De leden van de fractie van de SP wijzen erop dat het wetsvoorstel resulteert in een ongelijke behandeling van box 3 vermogen ten opzichte van box 1 vermogen. Mensen die nooit in staat waren om een eigen woning te kopen, dan wel mensen die in de keuze tussen kopen of huren hun regarderende afwegingen maakten, worden anders behandeld dan eigenwoningbezitters met eigenwoningvermogen. Welke afwegingen heeft de regering gemaakt bij deze kennelijke discriminatie?

Op het eerste gezicht lijkt een vermogenstoets alleszins redelijk. De leden van de SP-fractie zijn daar vóór, mits de vermogensbeoordeling zich dan niet slechts uitstrekt tot box 1, maar ook tot alle vermogens waar pensioenclaims aan verbonden zijn (overeenkomstig de opstelling van vermogen door het CBS in de Nationale Rekeningen). Het wetsvoorstel discrimineert immers ook tussen mensen met uiteenlopende pensioenregelingen (zoals via de een of andere vorm van pensioenverzekering, via de eigen woning of via vermogensvorming in box 3). Toen de woordvoerders van PvdA en SP in de Tweede Kamer wezen op degenen die via box 3 vermogen voorzien in pensioen (zoals kleine zelfstandigen) suggereerde de minister dat deze mensen hun vermogen onder kunnen brengen in een lijfrenteverzekering. Dat kan inderdaad, maar op deze manier worden deze mensen door de regering gedwongen zich in te laten met een commerciële verzekeraar die hiervoor kosten en winst in rekening brengt. Bovendien heeft dit uiteraard effect op de vermogensvorming.

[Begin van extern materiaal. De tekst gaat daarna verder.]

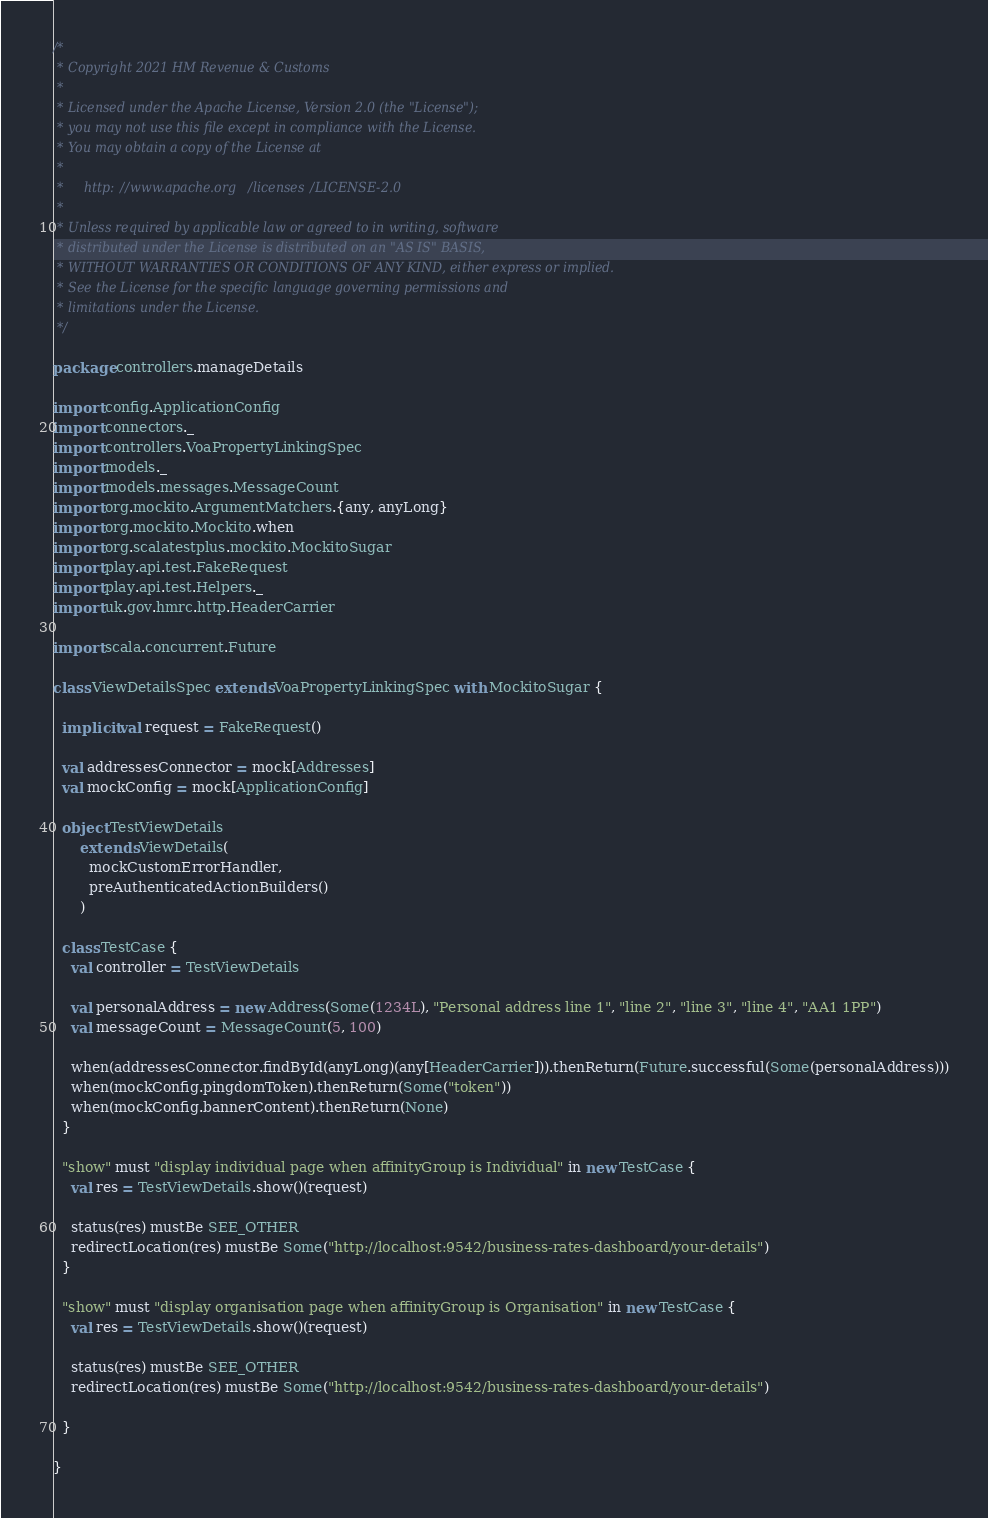<code> <loc_0><loc_0><loc_500><loc_500><_Scala_>/*
 * Copyright 2021 HM Revenue & Customs
 *
 * Licensed under the Apache License, Version 2.0 (the "License");
 * you may not use this file except in compliance with the License.
 * You may obtain a copy of the License at
 *
 *     http://www.apache.org/licenses/LICENSE-2.0
 *
 * Unless required by applicable law or agreed to in writing, software
 * distributed under the License is distributed on an "AS IS" BASIS,
 * WITHOUT WARRANTIES OR CONDITIONS OF ANY KIND, either express or implied.
 * See the License for the specific language governing permissions and
 * limitations under the License.
 */

package controllers.manageDetails

import config.ApplicationConfig
import connectors._
import controllers.VoaPropertyLinkingSpec
import models._
import models.messages.MessageCount
import org.mockito.ArgumentMatchers.{any, anyLong}
import org.mockito.Mockito.when
import org.scalatestplus.mockito.MockitoSugar
import play.api.test.FakeRequest
import play.api.test.Helpers._
import uk.gov.hmrc.http.HeaderCarrier

import scala.concurrent.Future

class ViewDetailsSpec extends VoaPropertyLinkingSpec with MockitoSugar {

  implicit val request = FakeRequest()

  val addressesConnector = mock[Addresses]
  val mockConfig = mock[ApplicationConfig]

  object TestViewDetails
      extends ViewDetails(
        mockCustomErrorHandler,
        preAuthenticatedActionBuilders()
      )

  class TestCase {
    val controller = TestViewDetails

    val personalAddress = new Address(Some(1234L), "Personal address line 1", "line 2", "line 3", "line 4", "AA1 1PP")
    val messageCount = MessageCount(5, 100)

    when(addressesConnector.findById(anyLong)(any[HeaderCarrier])).thenReturn(Future.successful(Some(personalAddress)))
    when(mockConfig.pingdomToken).thenReturn(Some("token"))
    when(mockConfig.bannerContent).thenReturn(None)
  }

  "show" must "display individual page when affinityGroup is Individual" in new TestCase {
    val res = TestViewDetails.show()(request)

    status(res) mustBe SEE_OTHER
    redirectLocation(res) mustBe Some("http://localhost:9542/business-rates-dashboard/your-details")
  }

  "show" must "display organisation page when affinityGroup is Organisation" in new TestCase {
    val res = TestViewDetails.show()(request)

    status(res) mustBe SEE_OTHER
    redirectLocation(res) mustBe Some("http://localhost:9542/business-rates-dashboard/your-details")

  }

}
</code>

Op welke manier valt de invoering van de door de regering voorgestelde vermogenstoets samen met de invoering van andere vermogenstoetsen, als het gaat om toeslagen? Te denken val onder andere aan een toets bij het kindgebonden budget en bij de huurtoeslag. Heeft de regering hierbij oog voor stapeling? Hoe wordt de invoering van de diverse toetsen begeleid? Wie geeft voorlichting? Is de beoogde invoering voor alle toetsen 2013? De leden van de SP-fractie krijgen graag een reactie van de regering op deze vragen.

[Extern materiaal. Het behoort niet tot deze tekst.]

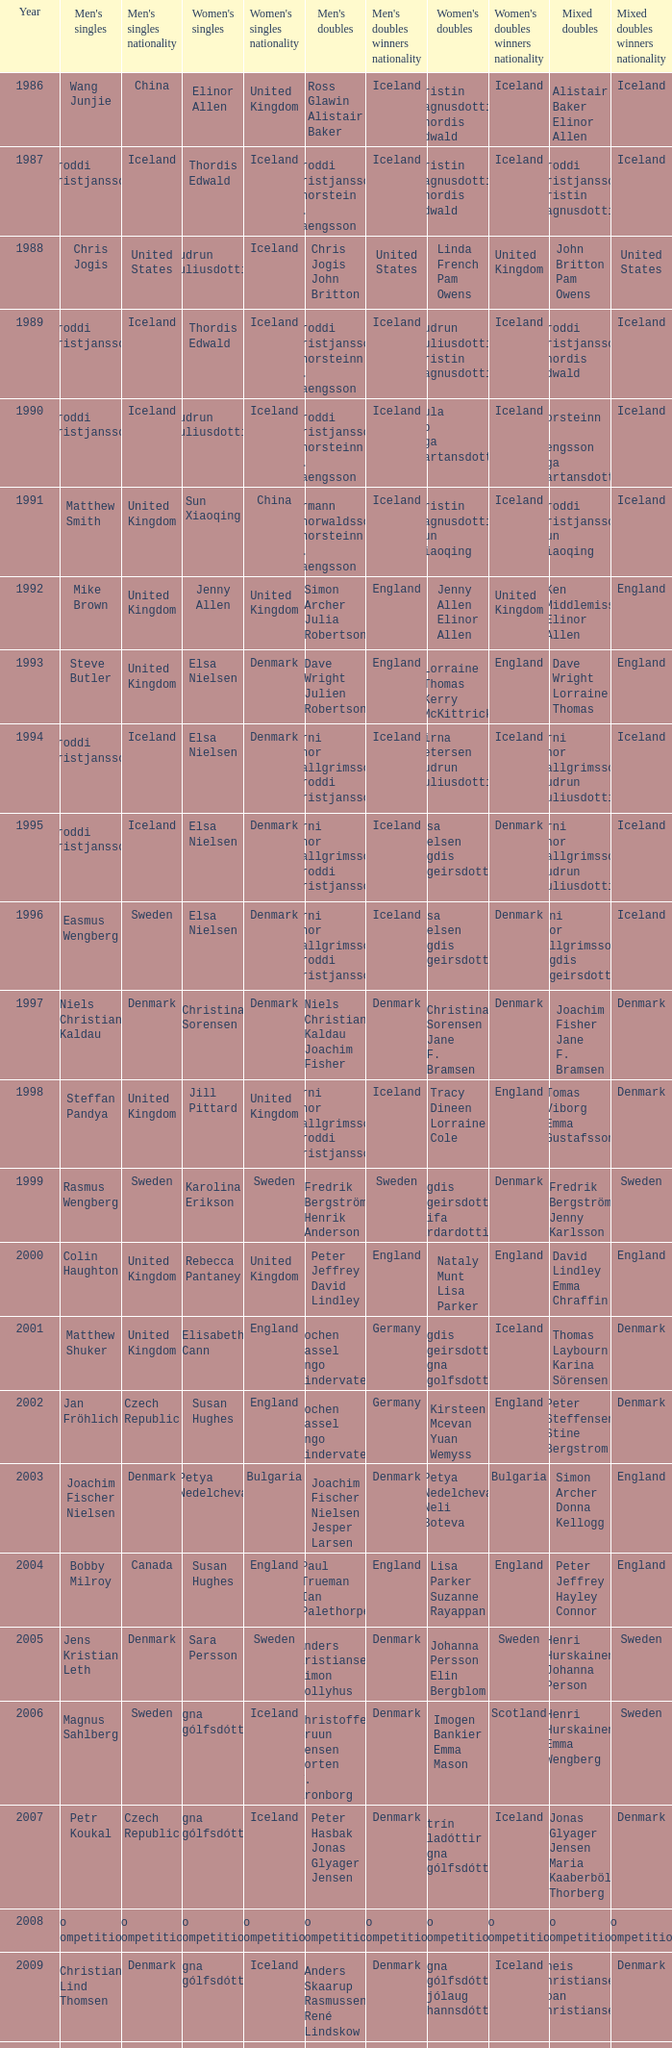In which women's doubles did Wang Junjie play men's singles? Kristin Magnusdottir Thordis Edwald.

De leden van de vaste commissie voor Volksgezondheid, Welzijn en Sport zien met belangstelling de antwoorden van de regering tegemoet.

De voorzitter van de vaste commissie voor Volksgezondheid, Welzijn en Sport, Slagter-Roukema

De griffier van de vaste commissie voor Volksgezondheid, Welzijn en Sport, De Boer


X Noot
1

Samenstelling:

Holdijk (SGP), Dupuis (VVD), (vice-voorzitter), Linthorst (PvdA), Putters (PvdA), Slagter-Roukema (SP), (voorzitter), Thissen (GL), Nagel (50PLUS), Hermans (VVD), Koffeman (PvdD), Kuiper (CU), Meurs (PvdA), Quik-Schuijt (SP), Reuten (SP), De Vries-Leggedoor (CDA), Flierman (CDA), Martens (CDA), vac. (CDA), Scholten (D66), Backer (D66), Van Ganzevoort (GL), De Lange (OSF), Beuving (PvdA), Popken (PVV), Frijters-Klijnen (PVV), Van Dijk (PVV), De Grave (VVD), Bröcker (VVD) en Beckers (VVD).